WO2007048444A1

WO2007048444A1 - Method of identifying multi zone block edges in an electronic document

Info

Publication number: WO2007048444A1
Application number: PCT/EP2005/055518
Authority: WO
Inventors: Jose Abad; Sherif Yacoub
Original assignee: Hewlett-Packard Development Company, L.P.
Priority date: 2005-10-25
Filing date: 2005-10-25
Publication date: 2007-05-03

Abstract

A method of identifying multi-zone blocks, such as rows or columns, within an electronic document comprises dividing the document into zones and looking for partially overlapping zones. The method finds applications in the automated analysis of scanned copies of pages from books, newspapers or magazines.

Description

METHOD OF IDENTIFYING MULTI ZONE BLOCK EDGES IN AN

ELECTRONIC DOCUMENT

The present invention relates to a method of identifying multi zone block edges in an electronic document. In a typical application, the invention may be used to find either the vertical edges of columns in a multi column document, or the horizontal edges of rows. The invention finds particular although not exclusive application in the automated analysis of scanned copies of pages of printed magazines, newspapers or books.
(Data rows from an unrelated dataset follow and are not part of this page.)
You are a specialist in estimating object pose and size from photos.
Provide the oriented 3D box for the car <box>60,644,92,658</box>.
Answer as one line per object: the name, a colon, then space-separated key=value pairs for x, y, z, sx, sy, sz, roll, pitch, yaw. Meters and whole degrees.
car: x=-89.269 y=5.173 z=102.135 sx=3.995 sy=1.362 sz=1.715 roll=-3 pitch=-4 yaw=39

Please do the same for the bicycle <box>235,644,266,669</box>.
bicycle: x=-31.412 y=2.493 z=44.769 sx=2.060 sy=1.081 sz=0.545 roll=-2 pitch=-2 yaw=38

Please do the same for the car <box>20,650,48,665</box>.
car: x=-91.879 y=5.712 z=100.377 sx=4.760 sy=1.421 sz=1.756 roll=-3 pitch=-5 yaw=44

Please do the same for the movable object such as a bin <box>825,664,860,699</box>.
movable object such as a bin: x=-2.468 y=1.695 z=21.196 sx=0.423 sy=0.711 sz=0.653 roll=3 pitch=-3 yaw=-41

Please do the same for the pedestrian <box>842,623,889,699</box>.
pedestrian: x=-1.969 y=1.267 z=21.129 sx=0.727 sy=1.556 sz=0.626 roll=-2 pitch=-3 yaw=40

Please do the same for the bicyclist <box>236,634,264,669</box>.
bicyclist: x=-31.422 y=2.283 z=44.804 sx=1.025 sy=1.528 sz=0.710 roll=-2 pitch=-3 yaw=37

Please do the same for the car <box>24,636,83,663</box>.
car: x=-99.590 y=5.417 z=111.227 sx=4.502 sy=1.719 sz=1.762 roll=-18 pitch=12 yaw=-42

A typical page 10 from a magazine is shown in Figure 1, and this may typically be processed using a document analysis system, the main features of which are shown semantically in Figure 2. Once the printed page has been scanned or otherwise electronically captured, it is first analysed using page segmentation and optical character recognition (OCR) components 200 to identify the individual content bearing zones on the page. As shown in Figure 1, the identified zones may include text zones 24, 26, 28, headings 12, 14, images 32, captions 34 and so on. OCR is carried out within each zone, wherever text can be recognised.

Turning back to Figure 2, the next step in the process is structure analysis 220. As shown at box 260, this includes both the clustering of zones into semantically meaningful blocks or areas, as well as identification of a table of contents (TOC) if one is present. As shown at box 280, the clustering of the zones may be undertaken using a variety of techniques including row and column clustering, inset and background clustering, alignment clustering, layout clustering and font type clustering. Once the structure analysis is complete, control passes to a logical analysis section 240. As shown by the box 300, this includes such things as the detection of advertisements, schematic labelling, article detection, and the reconstruction of text flow and reading order.
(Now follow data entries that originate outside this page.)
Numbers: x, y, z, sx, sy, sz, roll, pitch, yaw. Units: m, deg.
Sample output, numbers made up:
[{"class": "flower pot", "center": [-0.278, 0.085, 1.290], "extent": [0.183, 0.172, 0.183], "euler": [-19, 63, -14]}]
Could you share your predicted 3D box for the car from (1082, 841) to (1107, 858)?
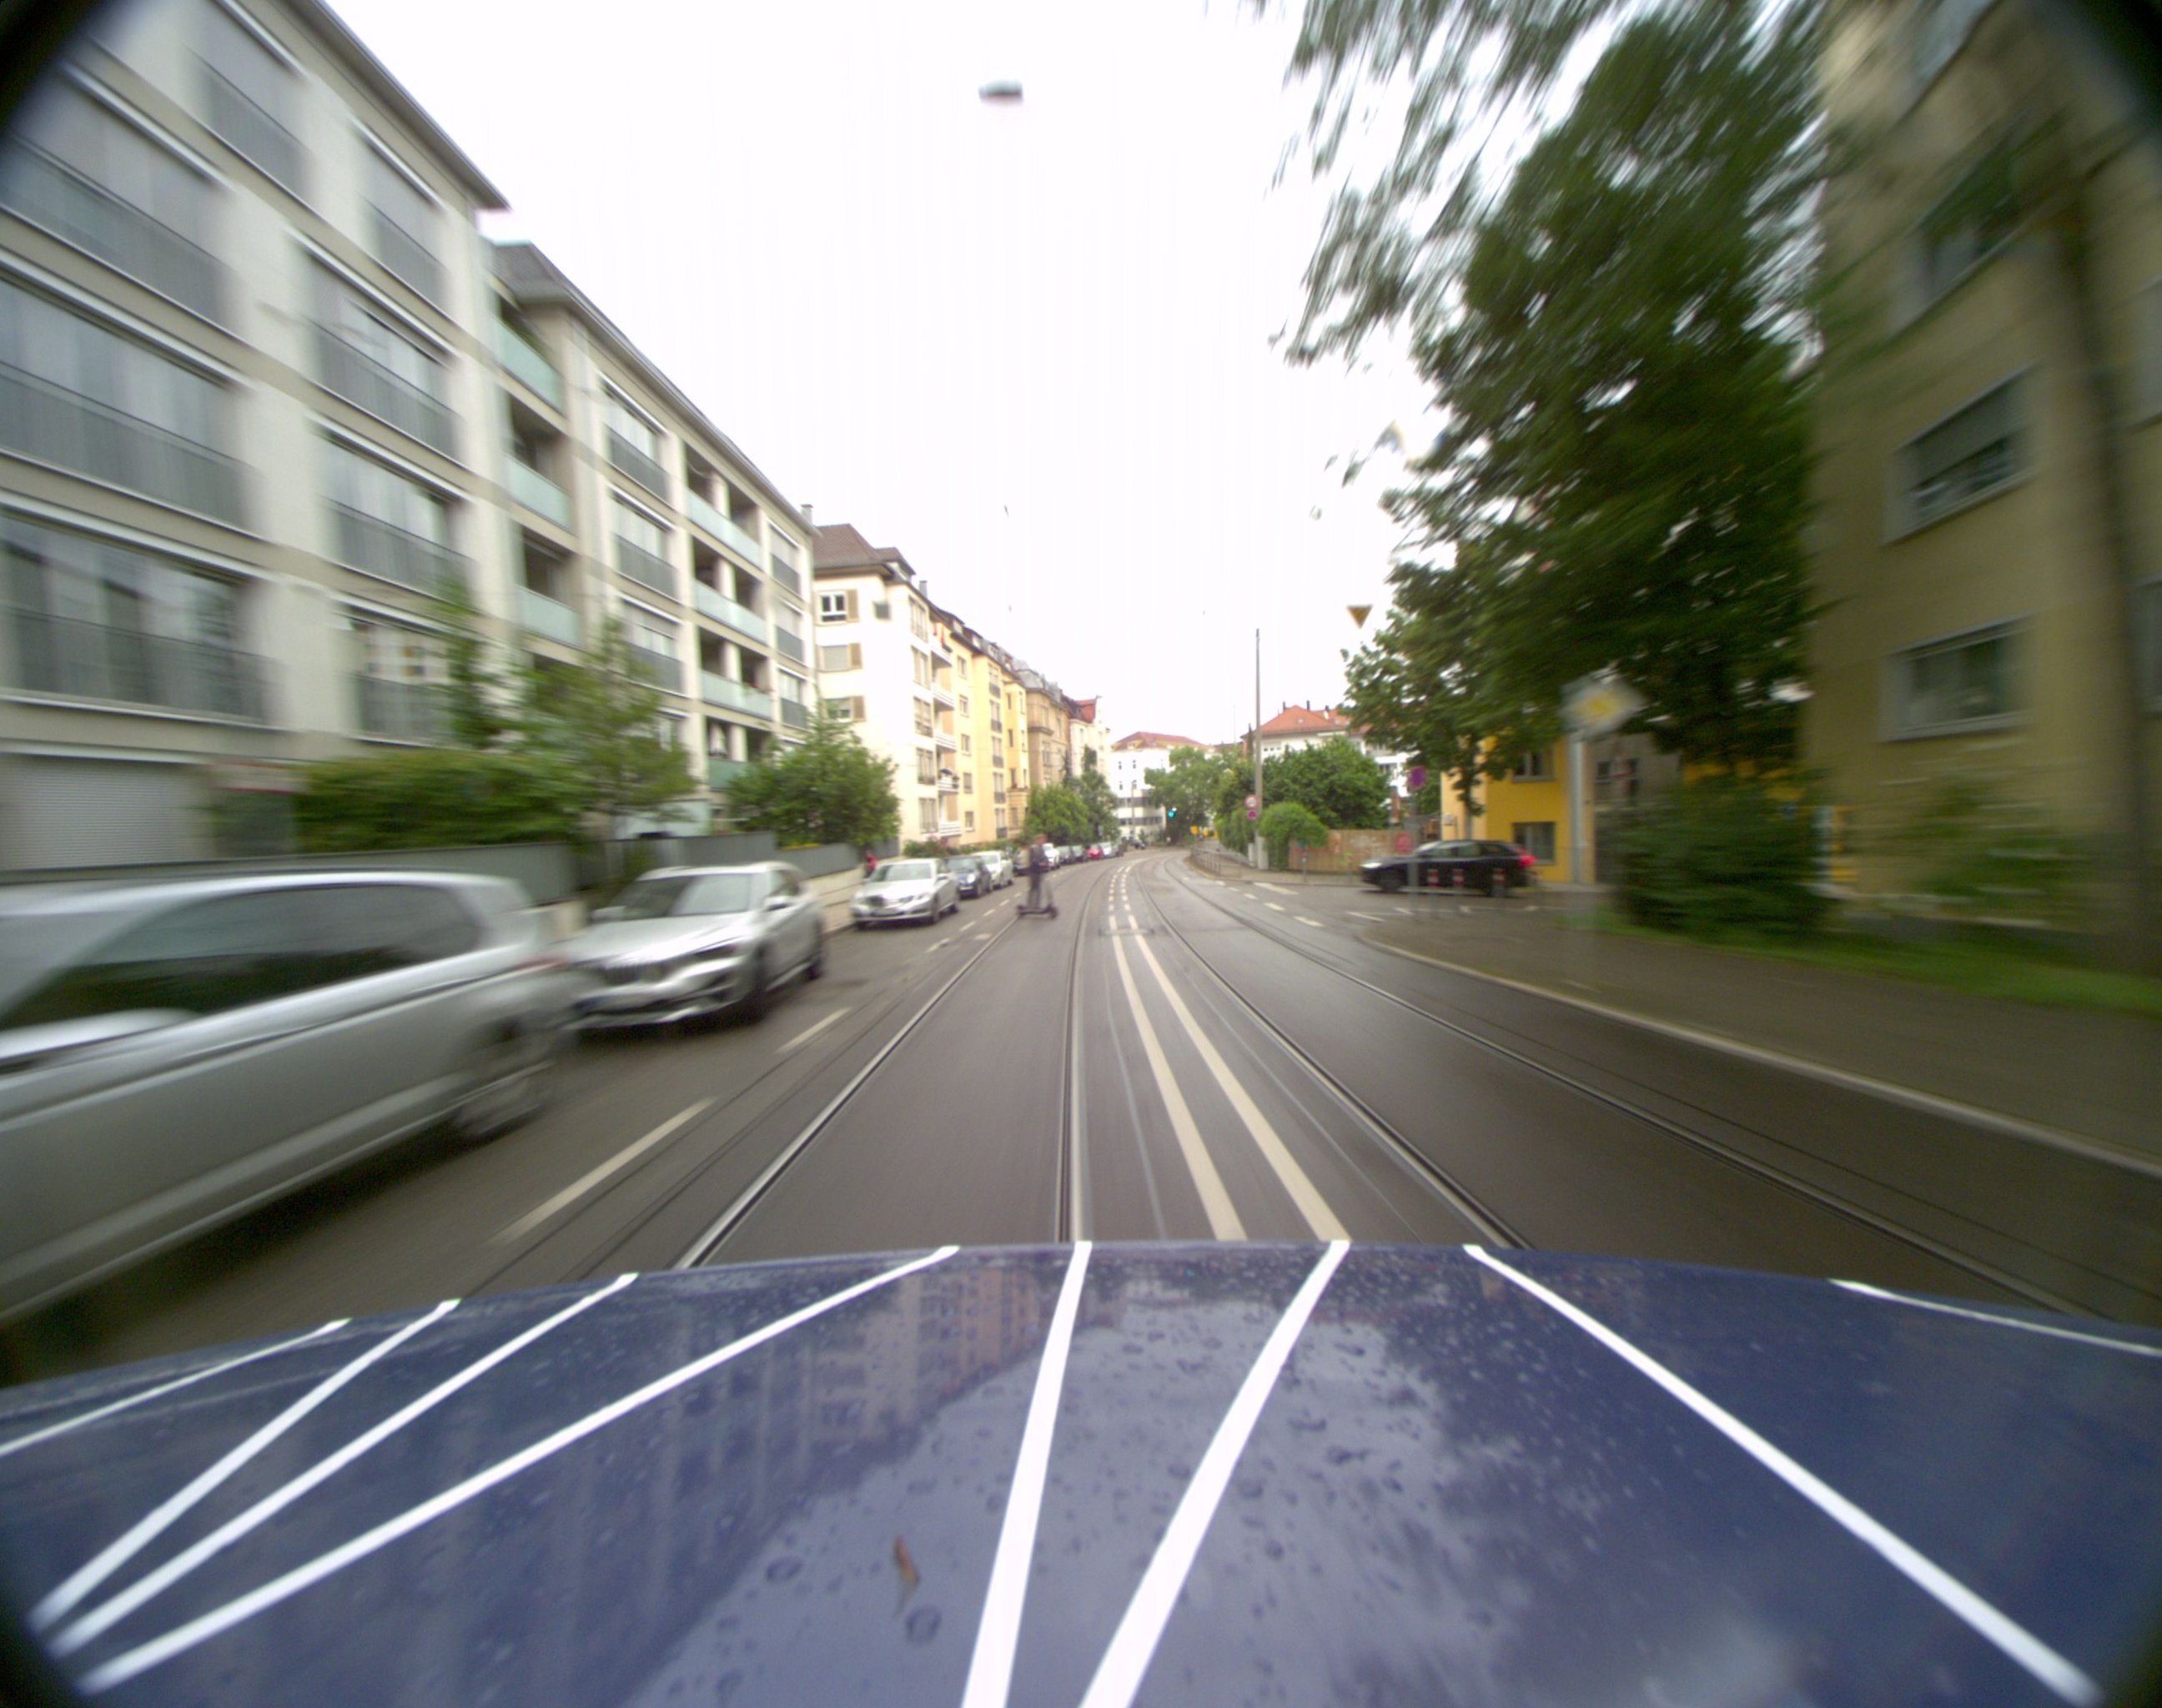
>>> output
[{"class": "car", "center": [1.226, -0.417, 68.179], "extent": [1.556, 1.360, 3.126], "euler": [-4, 1, 11]}]

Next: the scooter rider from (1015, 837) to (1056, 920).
[{"class": "scooter rider", "center": [-1.025, 0.545, 17.228], "extent": [0.688, 1.847, 0.646], "euler": [-1, 1, 17]}]

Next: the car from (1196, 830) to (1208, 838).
[{"class": "car", "center": [23.402, -3.922, 146.861], "extent": [1.796, 1.502, 4.004], "euler": [-2, 2, 18]}]

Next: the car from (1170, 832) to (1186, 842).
[{"class": "car", "center": [16.055, -2.778, 125.518], "extent": [1.796, 1.502, 4.004], "euler": [-2, 2, 18]}]

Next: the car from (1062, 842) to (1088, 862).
[{"class": "car", "center": [-0.451, -0.171, 60.691], "extent": [1.658, 1.360, 3.636], "euler": [-4, 1, 6]}]

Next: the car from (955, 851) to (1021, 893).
[{"class": "car", "center": [-3.659, 0.665, 30.562], "extent": [1.721, 1.458, 4.391], "euler": [-3, 0, 4]}]

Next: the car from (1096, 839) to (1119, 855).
[{"class": "car", "center": [2.718, -0.713, 77.262], "extent": [1.613, 1.434, 3.690], "euler": [-4, 1, 11]}]

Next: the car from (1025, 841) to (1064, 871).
[{"class": "car", "center": [-2.180, 0.073, 46.426], "extent": [1.798, 1.613, 3.868], "euler": [-4, 1, 4]}]

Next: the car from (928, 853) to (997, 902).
[{"class": "car", "center": [-3.945, 0.747, 25.819], "extent": [1.600, 1.416, 3.515], "euler": [-3, 0, 2]}]

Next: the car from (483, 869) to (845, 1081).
[{"class": "car", "center": [-4.224, 1.061, 8.743], "extent": [1.981, 1.575, 4.563], "euler": [-3, 0, -7]}]

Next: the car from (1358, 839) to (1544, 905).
[{"class": "car", "center": [10.872, 0.462, 22.794], "extent": [4.760, 1.669, 2.073], "euler": [2, 3, 20]}]

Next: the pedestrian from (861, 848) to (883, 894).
[{"class": "pedestrian", "center": [-7.340, 0.584, 26.712], "extent": [0.583, 1.577, 0.568], "euler": [-2, 2, -31]}]

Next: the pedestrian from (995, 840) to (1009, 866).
[{"class": "pedestrian", "center": [-4.710, -0.068, 45.350], "extent": [0.667, 1.560, 0.915], "euler": [0, 2, 8]}]

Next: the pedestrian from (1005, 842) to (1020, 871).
[{"class": "pedestrian", "center": [-3.992, 0.137, 44.244], "extent": [0.716, 1.703, 0.665], "euler": [0, 2, 8]}]

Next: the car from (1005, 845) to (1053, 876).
[{"class": "car", "center": [-2.771, 0.299, 41.461], "extent": [1.798, 1.444, 4.104], "euler": [-4, 1, 7]}]

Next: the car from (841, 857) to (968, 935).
[{"class": "car", "center": [-4.103, 0.894, 18.506], "extent": [1.863, 1.507, 4.788], "euler": [-3, 0, 0]}]

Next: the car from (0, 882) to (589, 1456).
[{"class": "car", "center": [-4.276, 1.060, 2.952], "extent": [1.837, 1.618, 4.661], "euler": [-3, 0, -4]}]

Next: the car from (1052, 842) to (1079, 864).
[{"class": "car", "center": [-1.099, -0.074, 55.561], "extent": [1.590, 1.434, 3.476], "euler": [-4, 1, 5]}]

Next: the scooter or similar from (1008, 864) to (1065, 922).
[{"class": "scooter or similar", "center": [-1.006, 0.874, 17.239], "extent": [1.087, 1.253, 0.646], "euler": [-1, 1, 17]}]

One of the most important aspects of carrying out structure analysis is the determination of whether the page under study uses text zones which are laid in out in a single column or in multiple columns. Likewise, it is important to know whether the page contains multiple rows of text zones. Multiple rows and/or columns may conveniently be identified using the method of the present invention, as described more detail below. Once any rows and/or columns have been identified, clustering may be carried out, for example within each row or each column, in an effort to link together zones which are semantically related to each other.

A typical prior art system, which simplistically identifies multiple columns simply by looking for a suitably large white space, is disclosed in US- A-5164899.

According to the present invention there is provided a method of identifying opposing near and far edges of an elongate block of content-bearing zones within an electronic document divided into a plurality of said zones, the method comprising: a) Identifying a base line to one side of and in a direction parallel to an expected elongate block; b) Selecting as a first current zone a zone having a near edge which is closest to the base line, in a measurement direction perpendicular to the base line; c) defining a near edge of the block as a line co-incident with the said near edge; d) determining whether a further zone exists which extends further from the base line and which partly overlaps the current zone; and

(i) if so, taking the further zone as a new current zone and repeating (d); and

(ii) if not, defining a far edge of the block as a line coincident with a far edge of the current zone.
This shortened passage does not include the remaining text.